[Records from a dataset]
◇ ◇ ◇

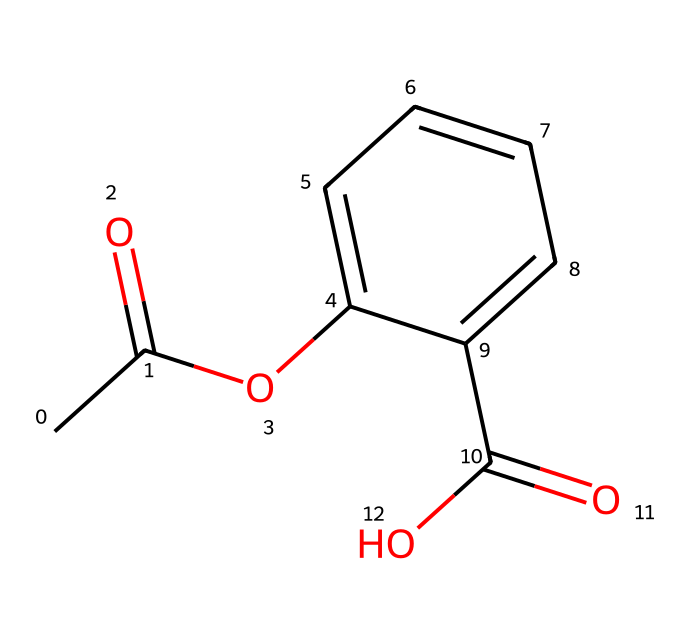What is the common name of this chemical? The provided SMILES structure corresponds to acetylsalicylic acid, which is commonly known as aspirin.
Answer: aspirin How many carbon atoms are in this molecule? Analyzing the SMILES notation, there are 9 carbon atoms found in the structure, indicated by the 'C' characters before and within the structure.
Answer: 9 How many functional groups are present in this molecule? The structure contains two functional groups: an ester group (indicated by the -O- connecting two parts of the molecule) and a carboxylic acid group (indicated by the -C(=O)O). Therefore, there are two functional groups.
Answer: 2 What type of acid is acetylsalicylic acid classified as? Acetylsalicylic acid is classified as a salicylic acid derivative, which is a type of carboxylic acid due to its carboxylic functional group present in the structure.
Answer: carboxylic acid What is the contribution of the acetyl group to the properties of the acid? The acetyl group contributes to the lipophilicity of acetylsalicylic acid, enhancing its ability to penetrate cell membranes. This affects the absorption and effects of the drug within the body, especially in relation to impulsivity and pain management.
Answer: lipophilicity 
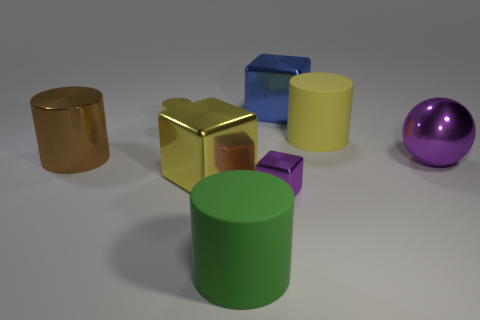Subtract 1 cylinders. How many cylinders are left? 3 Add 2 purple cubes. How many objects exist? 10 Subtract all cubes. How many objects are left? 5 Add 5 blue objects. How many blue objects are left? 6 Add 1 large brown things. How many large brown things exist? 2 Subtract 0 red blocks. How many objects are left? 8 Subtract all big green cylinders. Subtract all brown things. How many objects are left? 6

◇ ◇ ◇

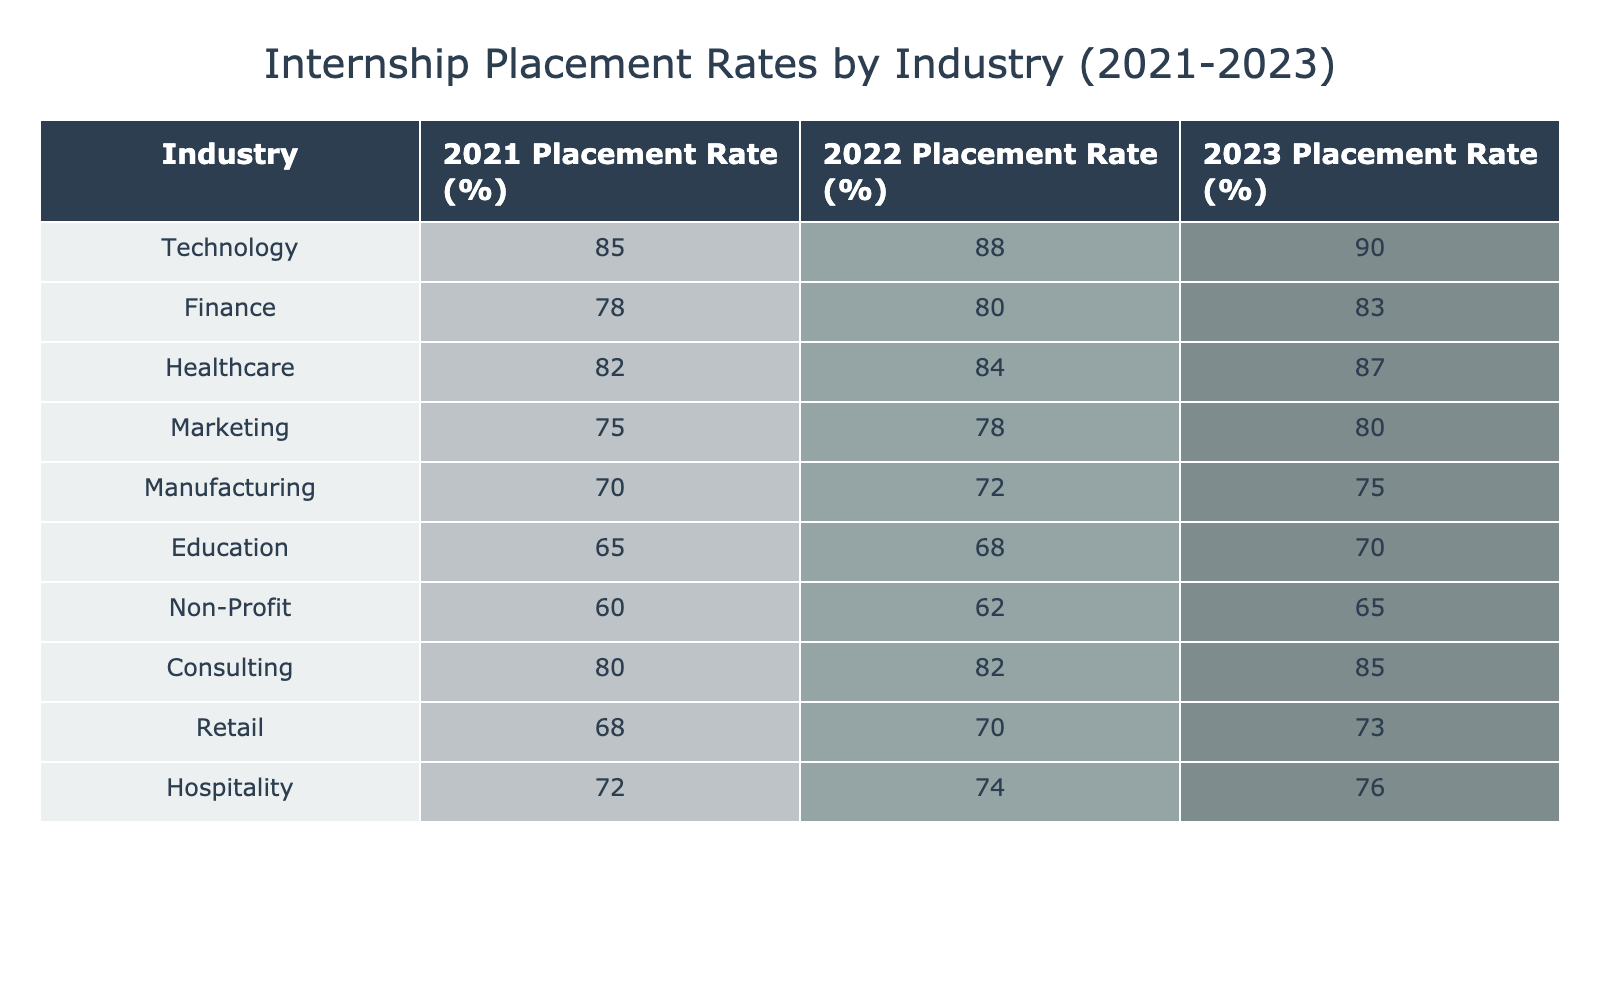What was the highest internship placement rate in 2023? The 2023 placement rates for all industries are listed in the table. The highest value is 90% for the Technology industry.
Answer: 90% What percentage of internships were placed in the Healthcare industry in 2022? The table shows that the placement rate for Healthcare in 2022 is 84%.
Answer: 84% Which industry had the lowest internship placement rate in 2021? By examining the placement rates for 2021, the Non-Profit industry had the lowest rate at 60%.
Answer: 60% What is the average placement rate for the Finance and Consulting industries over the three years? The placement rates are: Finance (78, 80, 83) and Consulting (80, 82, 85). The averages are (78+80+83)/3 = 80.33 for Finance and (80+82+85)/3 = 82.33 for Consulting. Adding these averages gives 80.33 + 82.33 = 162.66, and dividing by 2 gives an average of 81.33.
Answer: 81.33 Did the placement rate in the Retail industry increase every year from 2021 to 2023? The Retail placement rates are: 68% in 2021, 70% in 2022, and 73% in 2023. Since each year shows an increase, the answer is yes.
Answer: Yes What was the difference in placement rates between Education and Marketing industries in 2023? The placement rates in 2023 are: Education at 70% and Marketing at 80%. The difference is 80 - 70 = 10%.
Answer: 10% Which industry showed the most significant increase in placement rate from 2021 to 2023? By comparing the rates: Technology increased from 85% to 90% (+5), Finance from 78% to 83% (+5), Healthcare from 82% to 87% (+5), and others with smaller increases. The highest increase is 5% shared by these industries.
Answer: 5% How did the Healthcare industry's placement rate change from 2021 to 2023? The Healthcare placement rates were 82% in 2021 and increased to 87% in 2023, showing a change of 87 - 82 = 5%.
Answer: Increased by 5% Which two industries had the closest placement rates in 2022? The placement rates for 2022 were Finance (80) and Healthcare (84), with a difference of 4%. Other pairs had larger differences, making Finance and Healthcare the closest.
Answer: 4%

◇ ◇ ◇

> [Problem to work on]:
Starting at the line containing "What is the common" and stopping at the line containing "Answer: 2 What", output every line above exactly, both ends included, with pictures omitted.

> [Problem solution]:
What is the common name of this chemical? The provided SMILES structure corresponds to acetylsalicylic acid, which is commonly known as aspirin.
Answer: aspirin How many carbon atoms are in this molecule? Analyzing the SMILES notation, there are 9 carbon atoms found in the structure, indicated by the 'C' characters before and within the structure.
Answer: 9 How many functional groups are present in this molecule? The structure contains two functional groups: an ester group (indicated by the -O- connecting two parts of the molecule) and a carboxylic acid group (indicated by the -C(=O)O). Therefore, there are two functional groups.
Answer: 2 What type of acid is acetylsalicylic acid classified as? Acetylsalicylic acid is classified as a salicylic acid derivative, which is a type of carboxylic acid due to its carboxylic functional group present in the structure.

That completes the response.